Equation (2) also provides an approximation of the peak infected fraction, $ϕ_{p} = ϕ ({\tilde{τ}}_{p})$ , in the limit of high ${\tilde{P}}^{*}$ ; for the case of ${\tilde{τ}}_{r} = 4$ , we estimate ϕ_p ≈ 0.1, consistent with the data shown in Figure 1G. To further examine this relation, we analyze the results of all the simulations described in Figure 3 with varying ${\tilde{τ}}_{r}$ . For each simulation, we determine the maximal value of ϕ_p, (ϕ_p)_max, at ${\tilde{P}}^{*} = 2$ , the highest value tested. Consistent with our expectation, $ϕ_{p} = ϕ ({\tilde{τ}}_{p})$ calculated using Equation (2) (dashed line, Figure 3D inset), provides a reasonable approximation to the measured (ϕ_p)_max (data points, Figure 3D inset). Furthermore, all the data for ${\tilde{ϕ}}_{p} \equiv ϕ_{p} / {(ϕ_{p})}_{max}$ show reasonable alignment when plotted as a function of the shifted ${\tilde{P}}^{*} - {\tilde{P}}_{c}$ (Figure 3D), with some deviation for the smallest ${\tilde{τ}}_{r}$ likely arising from geometric effects not taken into account in our simple estimate of $ϕ_{p} = ϕ ({\tilde{τ}}_{p})$ . We again test the generality of these results by exploring their applicability to a normal distribution and a bimodal distribution of ${\tilde{P}}_{th, i j}$ ; the results are closely similar in all three cases (Figures 3D–F). Taken together, all of the results shown in Figures 1–3 support the validity of our scaling relations.

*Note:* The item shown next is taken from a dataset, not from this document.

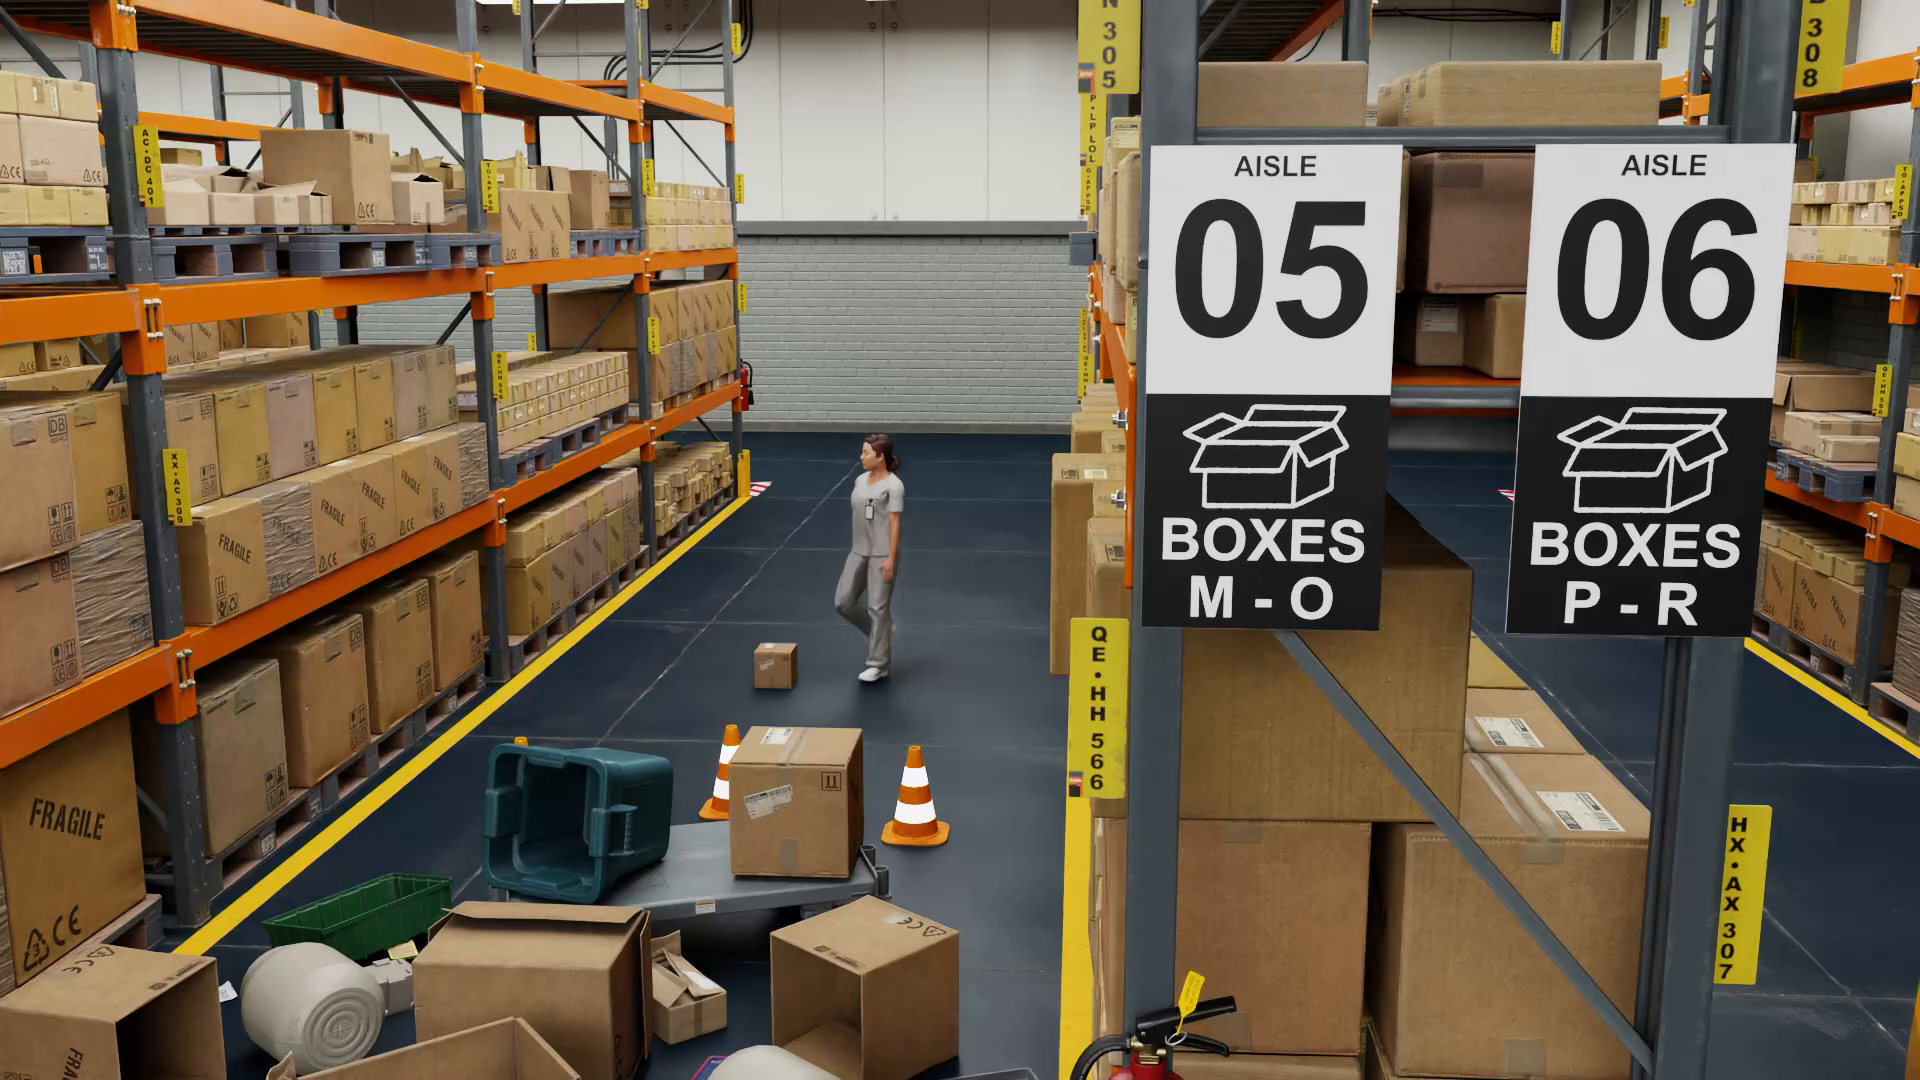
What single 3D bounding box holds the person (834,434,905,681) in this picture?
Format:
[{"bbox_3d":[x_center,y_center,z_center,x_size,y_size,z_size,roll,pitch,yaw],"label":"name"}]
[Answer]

As a final exploration of these relations, we use all of our simulations to directly test the general expression for the infected fraction ϕ given by Equation (2). All of the data collapse onto this scaling curve for all values of ${\tilde{τ}}_{r}$ and distributions of ${\tilde{P}}_{th, i j}$ tested (Figures 4A–C). Furthermore, the peak in ϕ and its eventual drop to zero occur at values of $\tilde{τ} / {\tilde{τ}}_{r}$ close to the predicted values ${\tilde{τ}}_{p} / {\tilde{τ}}_{r} \approx \sqrt{N_{t}} / 2 {\tilde{τ}}_{r}$ and ${\tilde{τ}}_{f} / {\tilde{τ}}_{r} \approx \sqrt{N_{t} / 2} / {\tilde{τ}}_{r} + 1$ , respectively. Thus, the close agreement between all the data and the theoretical prediction confirm the internal consistency of our simulations with the scaling relations. We note that the analytical expression represents the solution for the high infectivity limit with high ${\tilde{P}}^{*}$ ; however, as indicated by the data in Figures 1G, 4A–C, it provides a good approximation for the spreading dynamics of a broad range of diseases with ${\tilde{P}}^{*} ≳ P_{c}$ . Intriguingly, similar quadratic power-law scalings have been reported for the initial regional epidemic spreads of COVID-19 [13], though explaining the full dynamics of this pandemic involves additional complexities that we do not consider here.

FIGURE 4

Figure 4. Total fraction of active infections in a population shows general dynamics across populations with different recovery durations and distributions of individual interaction barriers. (A–C) Growth of rescaled infected fraction $\tilde{ϕ} \equiv ϕ (\tilde{τ}) / ϕ ({\tilde{τ}}_{r})$ with rescaled time $\tilde{τ} / {\tilde{τ}}_{r}$ shows general quadratic to linear scaling as indicated by the triangles, followed by a drop to zero at ${\tilde{τ}}_{f} / {\tilde{τ}}_{r} \approx \sqrt{N_{t} / 2} / {\tilde{τ}}_{r} + 1$ . Data shown are for the largest disease infectivity tested, ${\tilde{P}}^{*} = 2$ . Distributions of individual interaction barriers and colors indicating different recovery durations ${\tilde{τ}}_{r}$ are the same as in Figure 3. Each point represents a separate simulation, all of which preserve the same lattice network structure of the ${\tilde{P}}_{th, i j}$ for a given distribution and only vary ${\tilde{τ}}_{r}$ .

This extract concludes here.